### Work item:
Would you please set down the data again exactly as given, excluding the pictures?

### Data entries:
■ ■ ■
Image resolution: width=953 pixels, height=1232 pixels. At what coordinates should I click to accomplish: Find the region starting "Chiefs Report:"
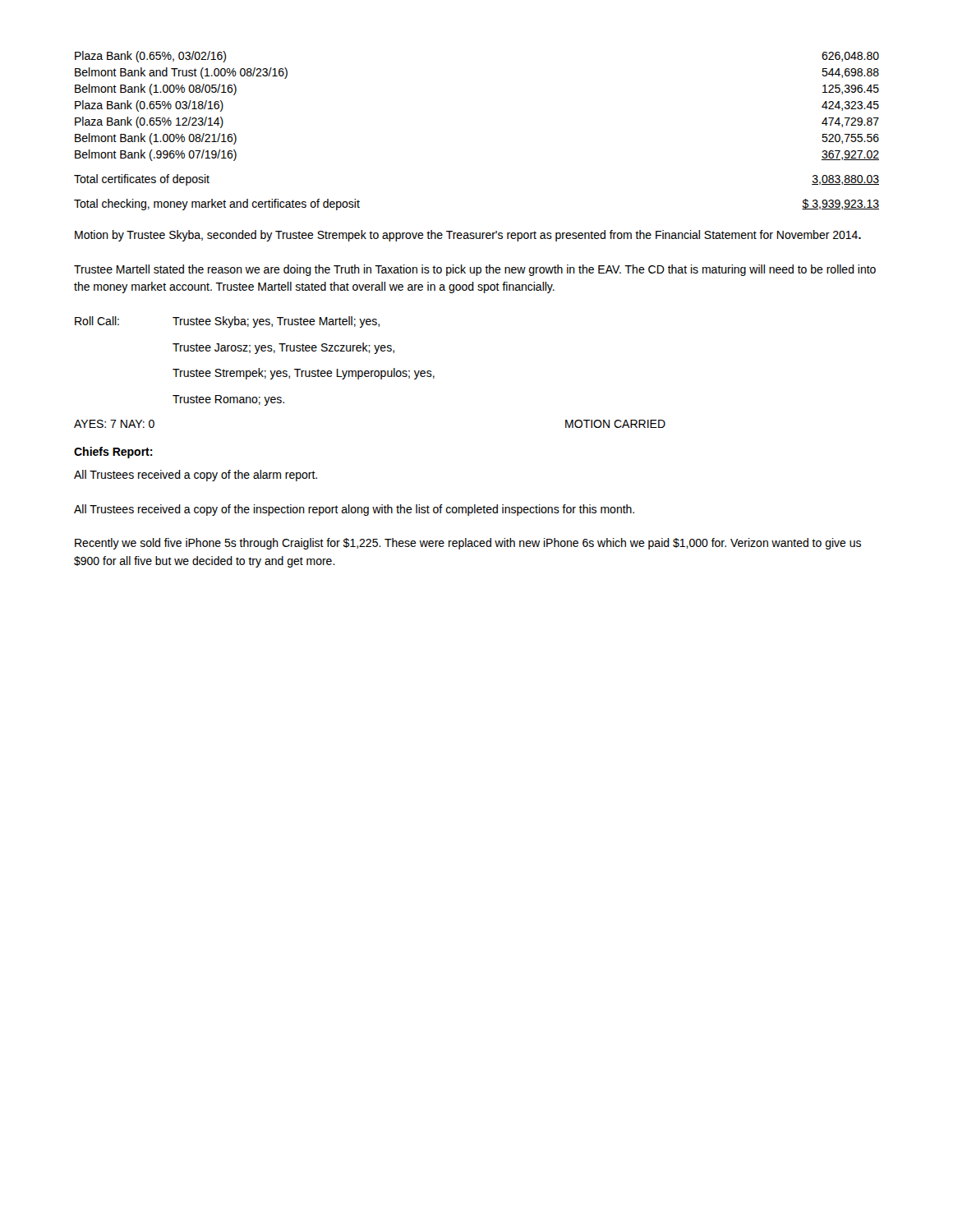114,452
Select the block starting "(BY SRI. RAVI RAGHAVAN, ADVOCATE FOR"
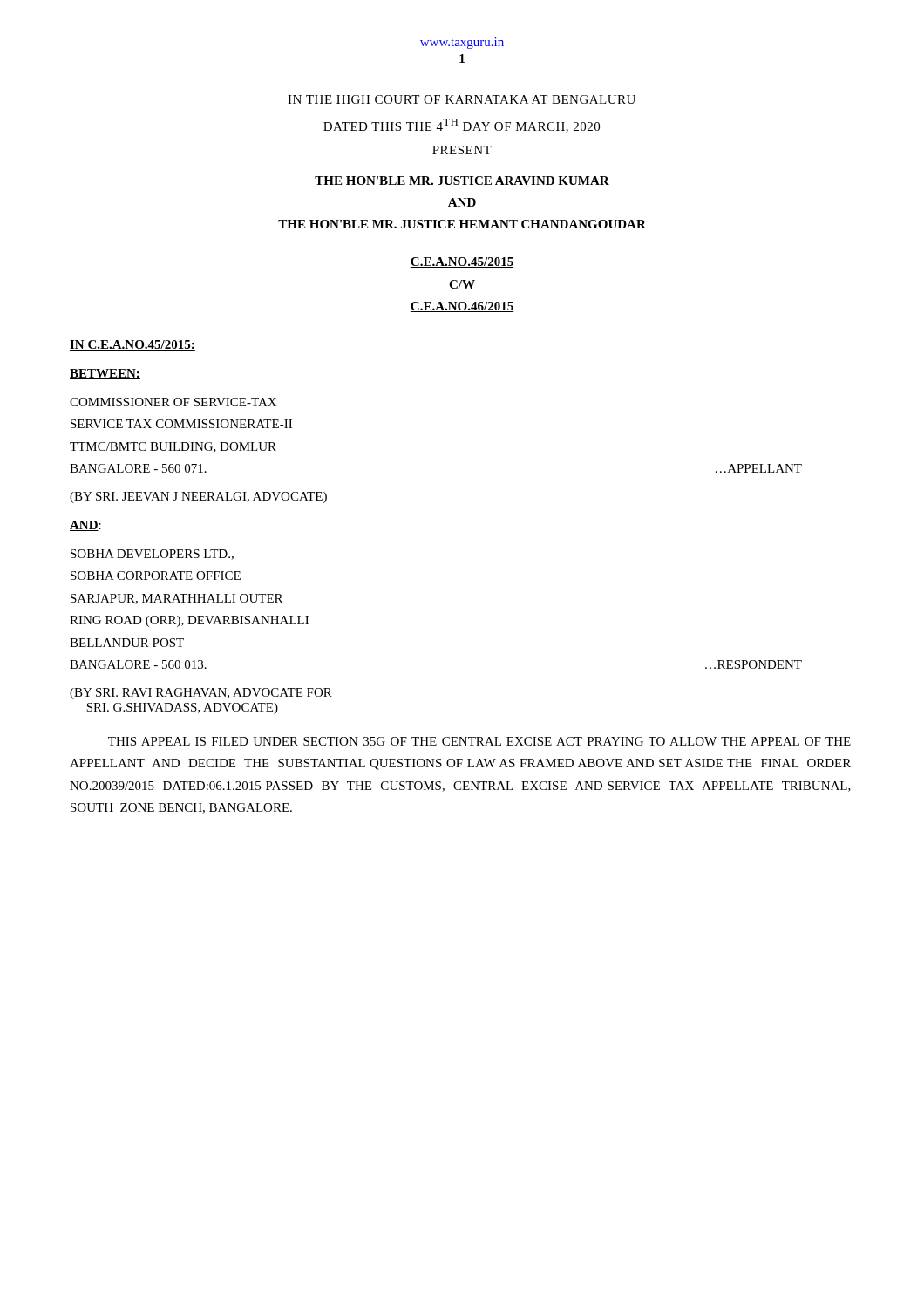This screenshot has height=1308, width=924. tap(201, 699)
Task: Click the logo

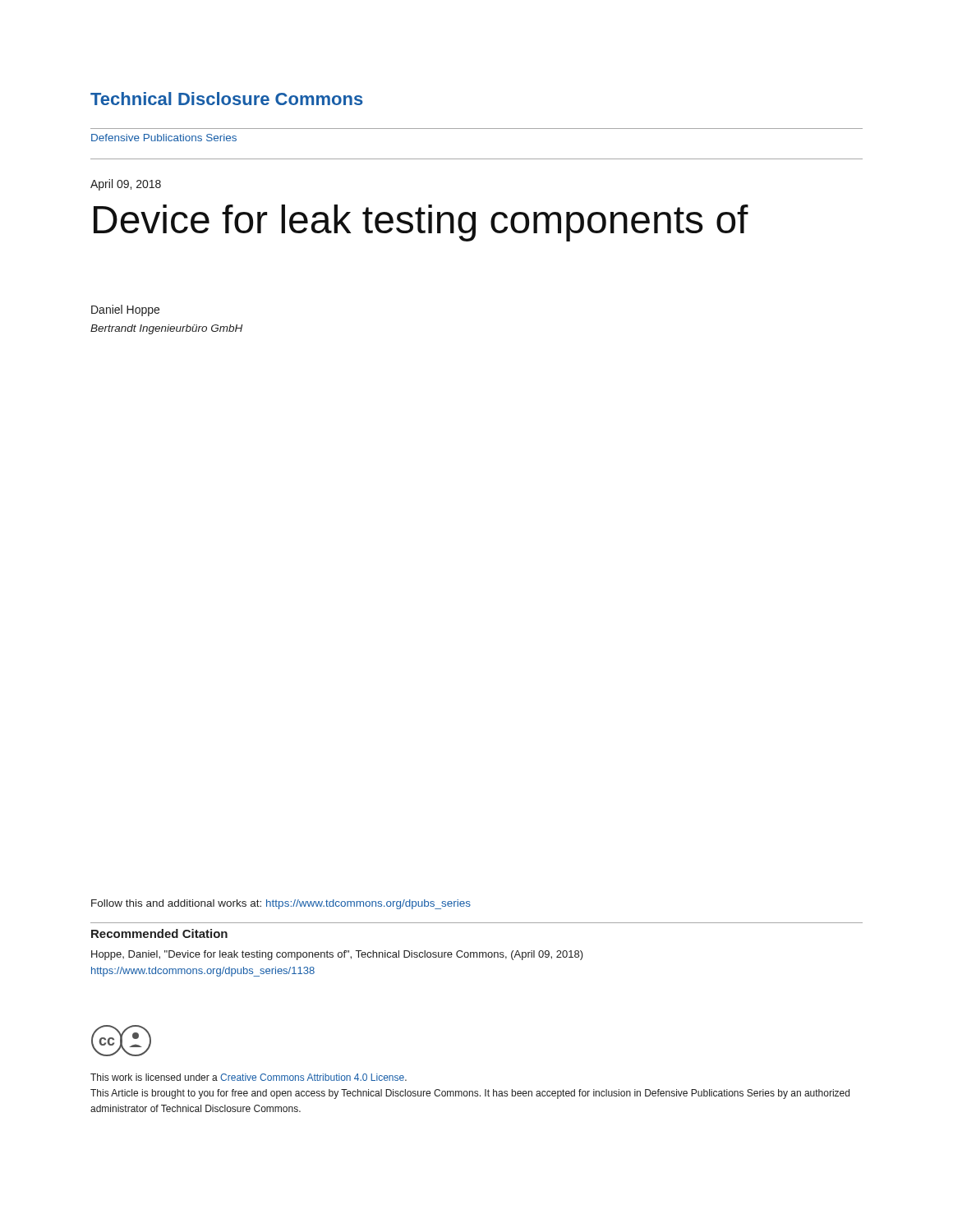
■ ■ ■
### Solution to this task:
Image resolution: width=953 pixels, height=1232 pixels. At what coordinates should I click to accomplish: Find the region starting "Chiefs Report:"
114,452
Select the block starting "(BY SRI. RAVI RAGHAVAN, ADVOCATE FOR"
This screenshot has height=1308, width=924. tap(201, 699)
Task: Click the logo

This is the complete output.